Extracted data entries
= = = = = = =

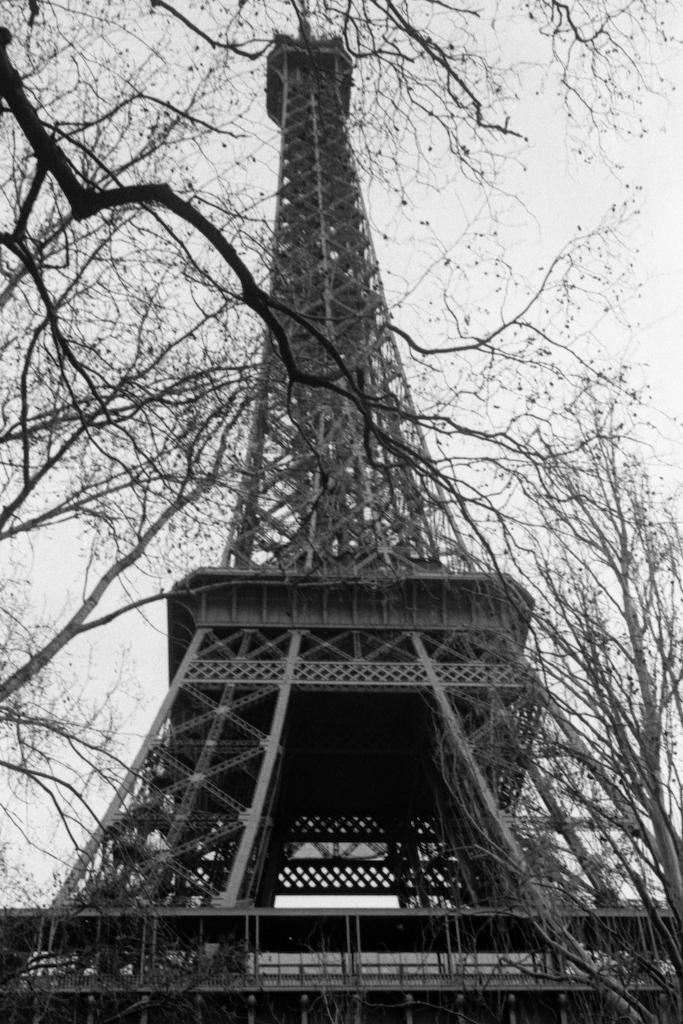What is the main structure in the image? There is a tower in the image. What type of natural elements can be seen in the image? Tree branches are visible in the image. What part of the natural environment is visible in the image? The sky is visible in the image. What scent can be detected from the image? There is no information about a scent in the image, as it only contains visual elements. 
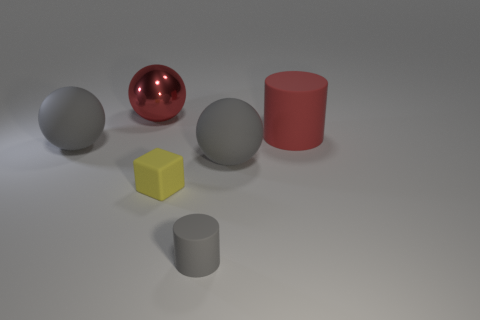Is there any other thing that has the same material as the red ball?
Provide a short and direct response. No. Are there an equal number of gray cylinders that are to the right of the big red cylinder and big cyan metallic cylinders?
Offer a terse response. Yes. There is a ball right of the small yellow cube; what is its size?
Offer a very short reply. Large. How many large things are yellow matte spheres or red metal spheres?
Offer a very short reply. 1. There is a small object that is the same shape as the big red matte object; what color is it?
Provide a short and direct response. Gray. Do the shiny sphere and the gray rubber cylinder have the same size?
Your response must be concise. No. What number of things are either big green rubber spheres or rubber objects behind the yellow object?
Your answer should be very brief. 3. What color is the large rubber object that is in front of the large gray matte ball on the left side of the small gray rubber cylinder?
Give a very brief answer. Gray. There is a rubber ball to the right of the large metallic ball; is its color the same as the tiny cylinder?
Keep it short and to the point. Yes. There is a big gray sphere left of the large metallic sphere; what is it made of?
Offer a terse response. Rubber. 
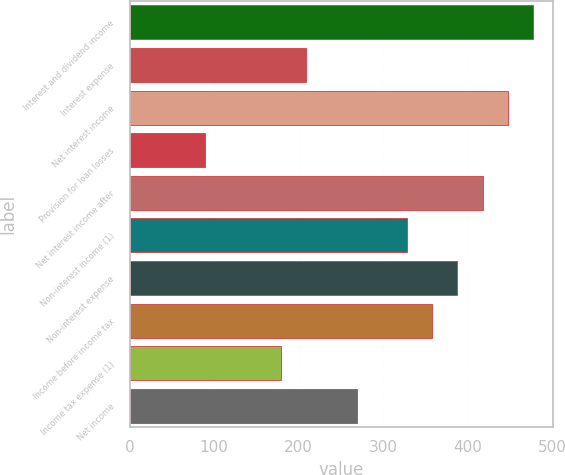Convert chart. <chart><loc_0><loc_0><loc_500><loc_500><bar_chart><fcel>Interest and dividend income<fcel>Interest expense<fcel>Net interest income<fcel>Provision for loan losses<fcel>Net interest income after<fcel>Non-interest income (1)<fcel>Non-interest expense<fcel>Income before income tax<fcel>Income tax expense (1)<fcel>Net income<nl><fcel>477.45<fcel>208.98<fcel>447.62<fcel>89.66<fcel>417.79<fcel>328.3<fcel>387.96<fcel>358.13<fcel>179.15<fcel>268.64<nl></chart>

= = = = = = =

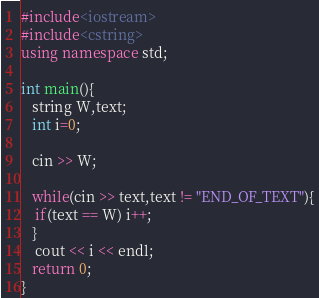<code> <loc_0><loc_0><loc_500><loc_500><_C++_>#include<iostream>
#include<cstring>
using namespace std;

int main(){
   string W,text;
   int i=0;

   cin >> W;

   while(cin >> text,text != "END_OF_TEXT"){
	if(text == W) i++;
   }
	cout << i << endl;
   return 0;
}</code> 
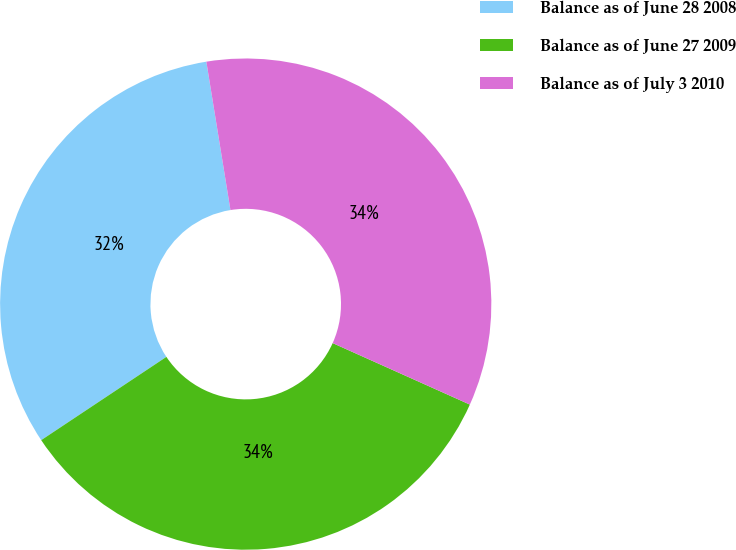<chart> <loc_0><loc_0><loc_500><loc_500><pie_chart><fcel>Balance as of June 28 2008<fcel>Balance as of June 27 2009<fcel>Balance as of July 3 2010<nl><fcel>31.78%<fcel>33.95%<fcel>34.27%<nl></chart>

= = = = = = =

Give again the stretch of the entries above that begins at the line with "Offer a very short reply. 1." and ends at the line with "and dividend income<fcel>Interest", word for word, with no pictures.

Offer a very short reply. 1. There is a small object that is the same shape as the big red matte object; what color is it?
Provide a short and direct response. Gray. Do the shiny sphere and the gray rubber cylinder have the same size?
Your response must be concise. No. What number of things are either big green rubber spheres or rubber objects behind the yellow object?
Your answer should be very brief. 3. What color is the large rubber object that is in front of the large gray matte ball on the left side of the small gray rubber cylinder?
Give a very brief answer. Gray. There is a rubber ball to the right of the large metallic ball; is its color the same as the tiny cylinder?
Keep it short and to the point. Yes. There is a big gray sphere left of the large metallic sphere; what is it made of?
Offer a terse response. Rubber. 
Convert chart. <chart><loc_0><loc_0><loc_500><loc_500><bar_chart><fcel>Interest and dividend income<fcel>Interest expense<fcel>Net interest income<fcel>Provision for loan losses<fcel>Net interest income after<fcel>Non-interest income (1)<fcel>Non-interest expense<fcel>Income before income tax<fcel>Income tax expense (1)<fcel>Net income<nl><fcel>477.45<fcel>208.98<fcel>447.62<fcel>89.66<fcel>417.79<fcel>328.3<fcel>387.96<fcel>358.13<fcel>179.15<fcel>268.64<nl></chart>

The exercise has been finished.